:: Dataset entries ::

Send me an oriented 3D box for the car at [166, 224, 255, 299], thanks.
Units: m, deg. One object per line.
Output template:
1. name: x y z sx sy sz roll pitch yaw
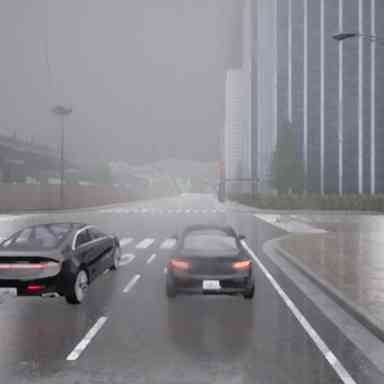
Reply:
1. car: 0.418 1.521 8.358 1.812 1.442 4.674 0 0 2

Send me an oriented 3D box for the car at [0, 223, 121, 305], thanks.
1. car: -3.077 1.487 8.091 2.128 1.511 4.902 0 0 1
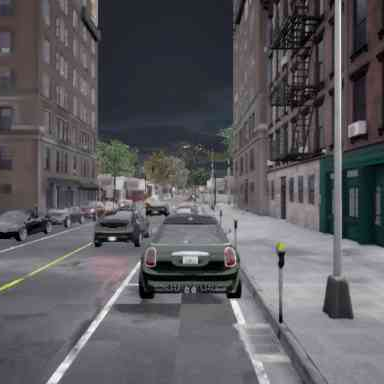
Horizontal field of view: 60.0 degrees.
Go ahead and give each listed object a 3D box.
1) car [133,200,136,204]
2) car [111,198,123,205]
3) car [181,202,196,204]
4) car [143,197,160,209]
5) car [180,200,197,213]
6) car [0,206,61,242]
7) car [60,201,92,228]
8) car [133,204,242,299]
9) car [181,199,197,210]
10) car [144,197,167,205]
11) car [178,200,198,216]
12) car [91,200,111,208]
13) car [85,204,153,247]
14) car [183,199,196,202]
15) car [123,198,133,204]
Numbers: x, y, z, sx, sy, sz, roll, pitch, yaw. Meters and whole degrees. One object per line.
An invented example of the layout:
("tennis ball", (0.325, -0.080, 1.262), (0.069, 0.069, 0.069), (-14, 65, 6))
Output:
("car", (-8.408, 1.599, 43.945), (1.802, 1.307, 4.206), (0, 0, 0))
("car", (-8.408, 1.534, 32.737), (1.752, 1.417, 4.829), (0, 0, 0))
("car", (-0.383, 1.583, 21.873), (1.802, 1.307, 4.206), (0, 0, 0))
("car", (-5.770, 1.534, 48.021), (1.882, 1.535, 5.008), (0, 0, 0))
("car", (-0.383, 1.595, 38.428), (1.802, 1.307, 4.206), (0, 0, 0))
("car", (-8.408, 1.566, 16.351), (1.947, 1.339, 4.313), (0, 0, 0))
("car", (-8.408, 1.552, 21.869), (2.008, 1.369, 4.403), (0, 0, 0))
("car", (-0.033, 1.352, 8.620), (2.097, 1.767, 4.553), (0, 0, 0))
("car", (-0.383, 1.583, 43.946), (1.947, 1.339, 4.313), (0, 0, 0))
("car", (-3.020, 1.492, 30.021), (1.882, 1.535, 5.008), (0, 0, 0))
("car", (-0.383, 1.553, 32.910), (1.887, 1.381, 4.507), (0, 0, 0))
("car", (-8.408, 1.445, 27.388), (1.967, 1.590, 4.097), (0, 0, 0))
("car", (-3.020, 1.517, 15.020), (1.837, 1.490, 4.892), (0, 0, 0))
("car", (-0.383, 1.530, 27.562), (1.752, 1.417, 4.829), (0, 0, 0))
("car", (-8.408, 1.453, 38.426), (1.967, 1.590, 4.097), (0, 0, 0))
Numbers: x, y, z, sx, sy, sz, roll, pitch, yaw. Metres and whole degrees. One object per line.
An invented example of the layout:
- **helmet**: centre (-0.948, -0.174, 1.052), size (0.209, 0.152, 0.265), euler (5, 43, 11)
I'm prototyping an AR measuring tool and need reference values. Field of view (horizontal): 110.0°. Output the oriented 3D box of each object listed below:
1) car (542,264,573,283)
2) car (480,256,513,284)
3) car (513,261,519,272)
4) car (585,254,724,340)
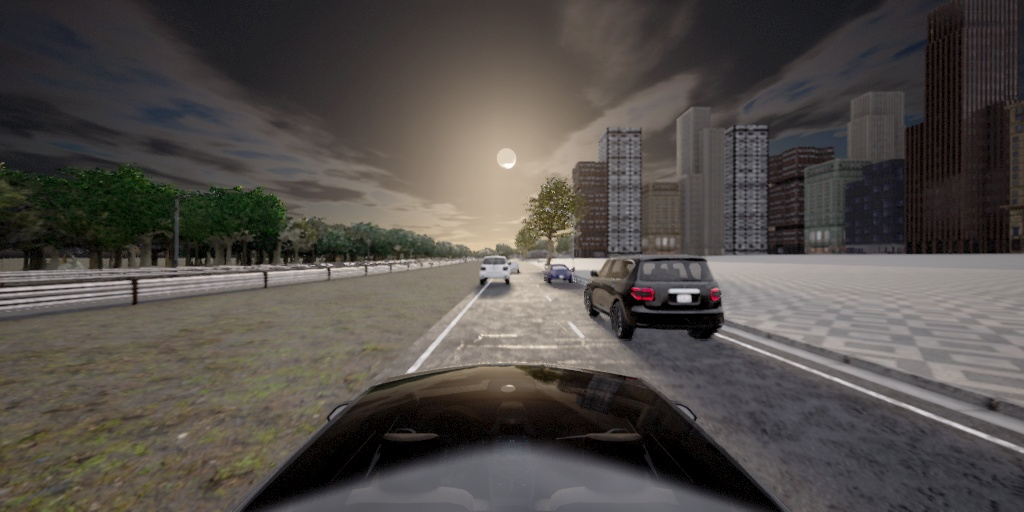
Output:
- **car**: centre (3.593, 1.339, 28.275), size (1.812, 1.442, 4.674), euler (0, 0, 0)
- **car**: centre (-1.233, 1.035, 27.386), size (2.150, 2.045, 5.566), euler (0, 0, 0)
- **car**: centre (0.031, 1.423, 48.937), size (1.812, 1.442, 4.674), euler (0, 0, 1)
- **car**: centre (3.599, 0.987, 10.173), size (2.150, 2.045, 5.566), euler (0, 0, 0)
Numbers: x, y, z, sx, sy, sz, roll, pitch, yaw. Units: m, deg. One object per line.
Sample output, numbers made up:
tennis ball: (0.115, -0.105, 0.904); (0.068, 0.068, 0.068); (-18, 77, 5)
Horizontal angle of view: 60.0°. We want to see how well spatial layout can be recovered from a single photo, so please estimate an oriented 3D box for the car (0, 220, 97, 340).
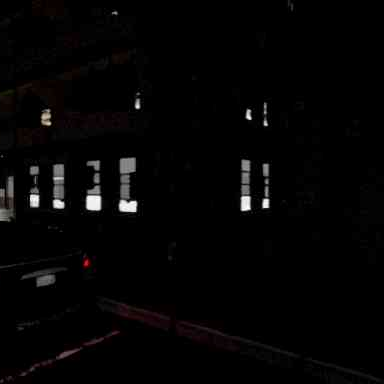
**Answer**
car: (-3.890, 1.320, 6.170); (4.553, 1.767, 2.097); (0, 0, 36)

:: Instructions for the task ::
Could you copy the listing exactly, leaving out any pictures?

:: Result of this exercise ::
Send me an oriented 3D box for the car at [166, 224, 255, 299], thanks.
Units: m, deg. One object per line.
Output template:
1. name: x y z sx sy sz roll pitch yaw
Reply:
1. car: 0.418 1.521 8.358 1.812 1.442 4.674 0 0 2

Send me an oriented 3D box for the car at [0, 223, 121, 305], thanks.
1. car: -3.077 1.487 8.091 2.128 1.511 4.902 0 0 1
Horizontal field of view: 60.0 degrees.
Go ahead and give each listed object a 3D box.
1) car [133,200,136,204]
2) car [111,198,123,205]
3) car [181,202,196,204]
4) car [143,197,160,209]
5) car [180,200,197,213]
6) car [0,206,61,242]
7) car [60,201,92,228]
8) car [133,204,242,299]
9) car [181,199,197,210]
10) car [144,197,167,205]
11) car [178,200,198,216]
12) car [91,200,111,208]
13) car [85,204,153,247]
14) car [183,199,196,202]
15) car [123,198,133,204]
Numbers: x, y, z, sx, sy, sz, roll, pitch, yaw. Meters and whole degrees. One object per line.
An invented example of the layout:
("tennis ball", (0.325, -0.080, 1.262), (0.069, 0.069, 0.069), (-14, 65, 6))
Output:
("car", (-8.408, 1.599, 43.945), (1.802, 1.307, 4.206), (0, 0, 0))
("car", (-8.408, 1.534, 32.737), (1.752, 1.417, 4.829), (0, 0, 0))
("car", (-0.383, 1.583, 21.873), (1.802, 1.307, 4.206), (0, 0, 0))
("car", (-5.770, 1.534, 48.021), (1.882, 1.535, 5.008), (0, 0, 0))
("car", (-0.383, 1.595, 38.428), (1.802, 1.307, 4.206), (0, 0, 0))
("car", (-8.408, 1.566, 16.351), (1.947, 1.339, 4.313), (0, 0, 0))
("car", (-8.408, 1.552, 21.869), (2.008, 1.369, 4.403), (0, 0, 0))
("car", (-0.033, 1.352, 8.620), (2.097, 1.767, 4.553), (0, 0, 0))
("car", (-0.383, 1.583, 43.946), (1.947, 1.339, 4.313), (0, 0, 0))
("car", (-3.020, 1.492, 30.021), (1.882, 1.535, 5.008), (0, 0, 0))
("car", (-0.383, 1.553, 32.910), (1.887, 1.381, 4.507), (0, 0, 0))
("car", (-8.408, 1.445, 27.388), (1.967, 1.590, 4.097), (0, 0, 0))
("car", (-3.020, 1.517, 15.020), (1.837, 1.490, 4.892), (0, 0, 0))
("car", (-0.383, 1.530, 27.562), (1.752, 1.417, 4.829), (0, 0, 0))
("car", (-8.408, 1.453, 38.426), (1.967, 1.590, 4.097), (0, 0, 0))
Numbers: x, y, z, sx, sy, sz, roll, pitch, yaw. Metres and whole degrees. One object per line.
An invented example of the layout:
- **helmet**: centre (-0.948, -0.174, 1.052), size (0.209, 0.152, 0.265), euler (5, 43, 11)
I'm prototyping an AR measuring tool and need reference values. Field of view (horizontal): 110.0°. Output the oriented 3D box of each object listed below:
1) car (542,264,573,283)
2) car (480,256,513,284)
3) car (513,261,519,272)
4) car (585,254,724,340)
Output:
- **car**: centre (3.593, 1.339, 28.275), size (1.812, 1.442, 4.674), euler (0, 0, 0)
- **car**: centre (-1.233, 1.035, 27.386), size (2.150, 2.045, 5.566), euler (0, 0, 0)
- **car**: centre (0.031, 1.423, 48.937), size (1.812, 1.442, 4.674), euler (0, 0, 1)
- **car**: centre (3.599, 0.987, 10.173), size (2.150, 2.045, 5.566), euler (0, 0, 0)
Numbers: x, y, z, sx, sy, sz, roll, pitch, yaw. Units: m, deg. One object per line.
Sample output, numbers made up:
tennis ball: (0.115, -0.105, 0.904); (0.068, 0.068, 0.068); (-18, 77, 5)
Horizontal angle of view: 60.0°. We want to see how well spatial layout can be recovered from a single photo, so please estimate an oriented 3D box for the car (0, 220, 97, 340).
**Answer**
car: (-3.890, 1.320, 6.170); (4.553, 1.767, 2.097); (0, 0, 36)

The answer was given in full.